Cool, with that, we have a little bit of time for questions. I'm just taking a look at Gregor's question... handle creations but also updates? Yes. Yep, yep, yep. That's a very good question Gregor. So what we want to do is just implement a few patterns for deletes and permission with respect to subscriptions, right? Because when we look at the event streaming model, what it fundamentally relies on is the fact that you have some identifier that is determining a change, right? Which for example could be a timestamp, could be UID or whatever. So that does mean that when you think about updates or deletes, the best way to handle that often is by just creating a new instance of that message, right? Especially when like a part of your model. So some parts of your application, you can probably have direct updates and deletes on the same model, right? Like you have a message, you just update that message or you delete that message in place.
And for some aspects of that, it works like, especially if you're looking at a model, like an order, right? Like you're tracking an order, you're subscribing to an order, right? The order has a status. Now this status will go through an update, delete whatever. Right. So that's much easier to model. And then you can use a last updated add to determine that, you can do a soft delete instead of an actual delete. Right? And you can model that well. But for things like messages where you're kind of streaming that information, you're going to have a large volume, right, and a large number of people fetching those messages, and you want to partition or shard those messages tables out also eventually and stuff like that. In those cases, and we'll do a write up here, talk about this pattern, but what we would recommend doing is you create a new message that references the message ID that has like a parent message ID. Right? And this message ID has the latest data, right? So you don't edit it in place, you create a new reference of that piece for an update, right? And for a delete you kind of mark that as a delete event, right, in that same model. So you make it a part of the model, and then it just becomes an event stream, right?
And this is kind of what you would see if you look at, like for example, GitHub comments or even on WhatsApp and stuff like that, right? Or even on Slack. You'll see that they actually have like those copies, right. They're not doing crowd updates on the raw model. That makes it much easier from a performance point of view, but also from a history and audit point of view, right?

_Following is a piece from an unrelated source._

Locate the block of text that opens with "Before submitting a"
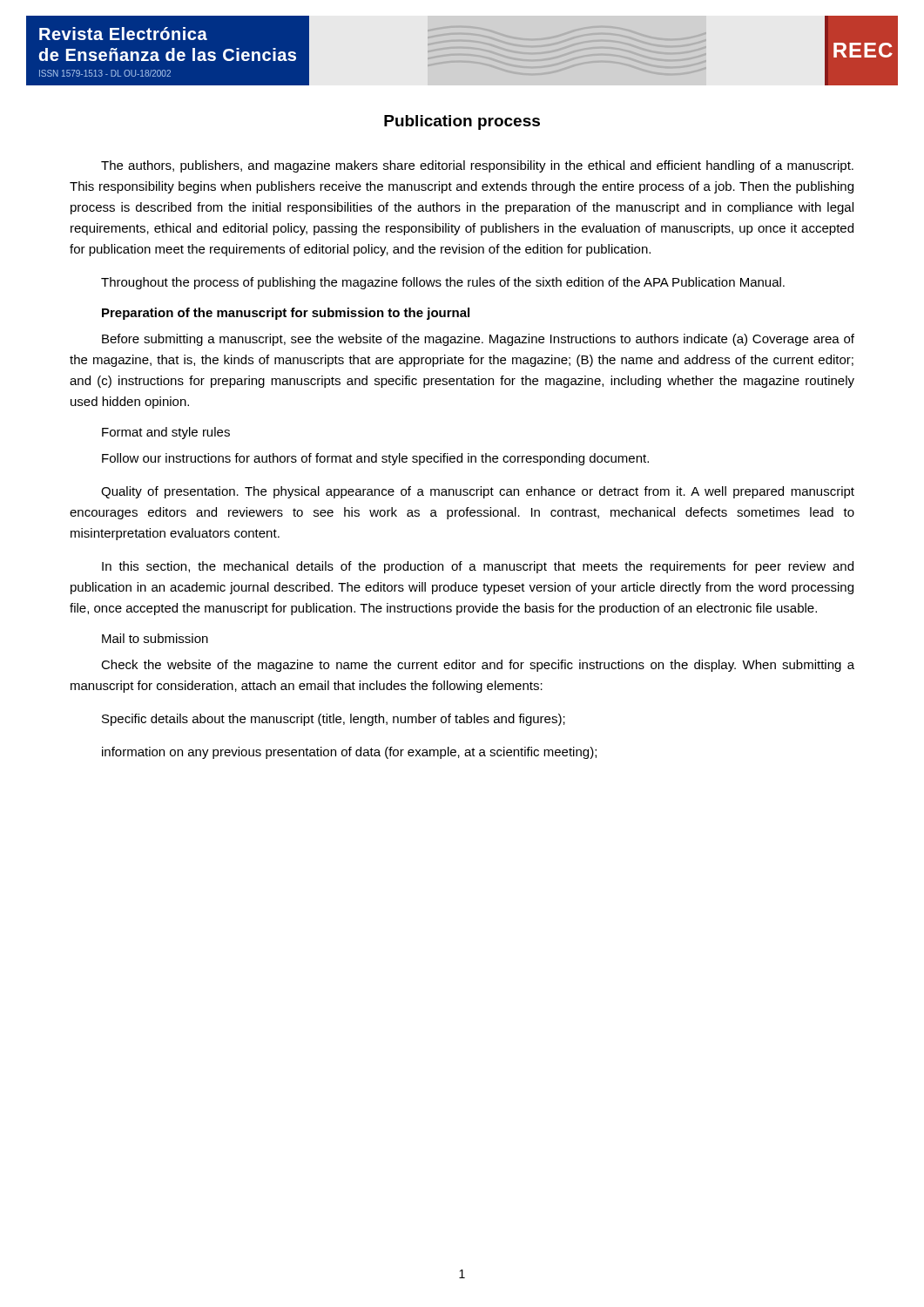Image resolution: width=924 pixels, height=1307 pixels. [x=462, y=370]
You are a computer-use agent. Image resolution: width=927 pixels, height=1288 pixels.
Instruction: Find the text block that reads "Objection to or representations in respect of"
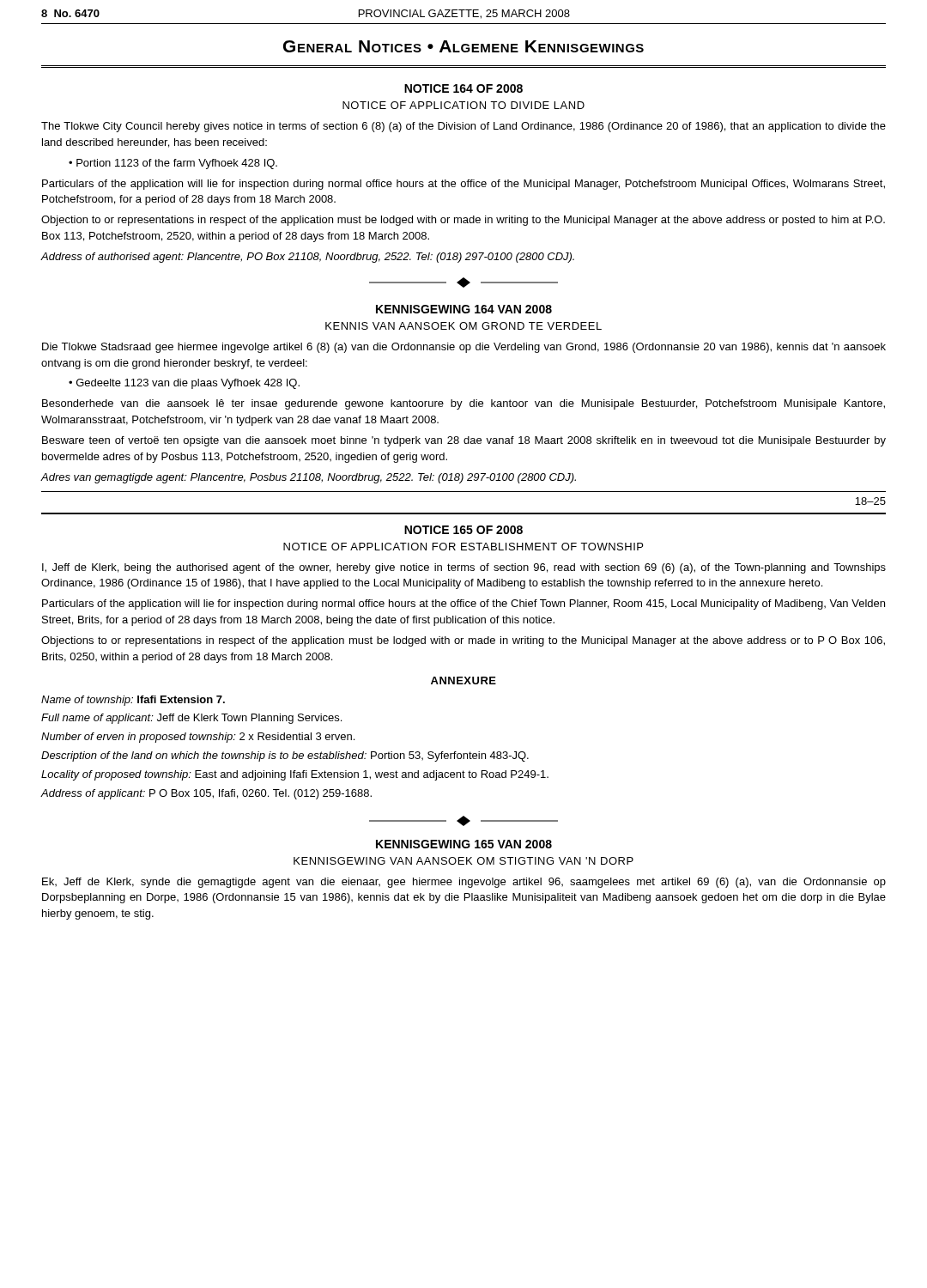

Let's say tomorrow you want to give admins on your app a feature to say look at past versions of this message, right? Like what you see on GitHub comments. So it unlocks some of that, but it also makes like just thinking about streaming much, much easier. Otherwise it becomes challenging. So very good point. And I think as we do the streaming stuff, we'll start documenting some of these patterns as well. Because the question that you asked is pretty much one of the questions that people have when they're kind of setting up these models.
All right, cool. So I think we're nearly at time. And if you have any questions about this stuff, about the internals, please feel free to hit me up. I am @tanmaigo on Twitter. And thank you for the kind words. I'm @tanmaigo on Twitter so please feel free to reach out to me, anything that I can help with. And I think this recording of the webinar and the slides will be sent across soon as well. So hopefully that was useful and talk to you folks again soon. Have a good day, evening, night, depending on where you folks are. All right, all right. Thanks everybody.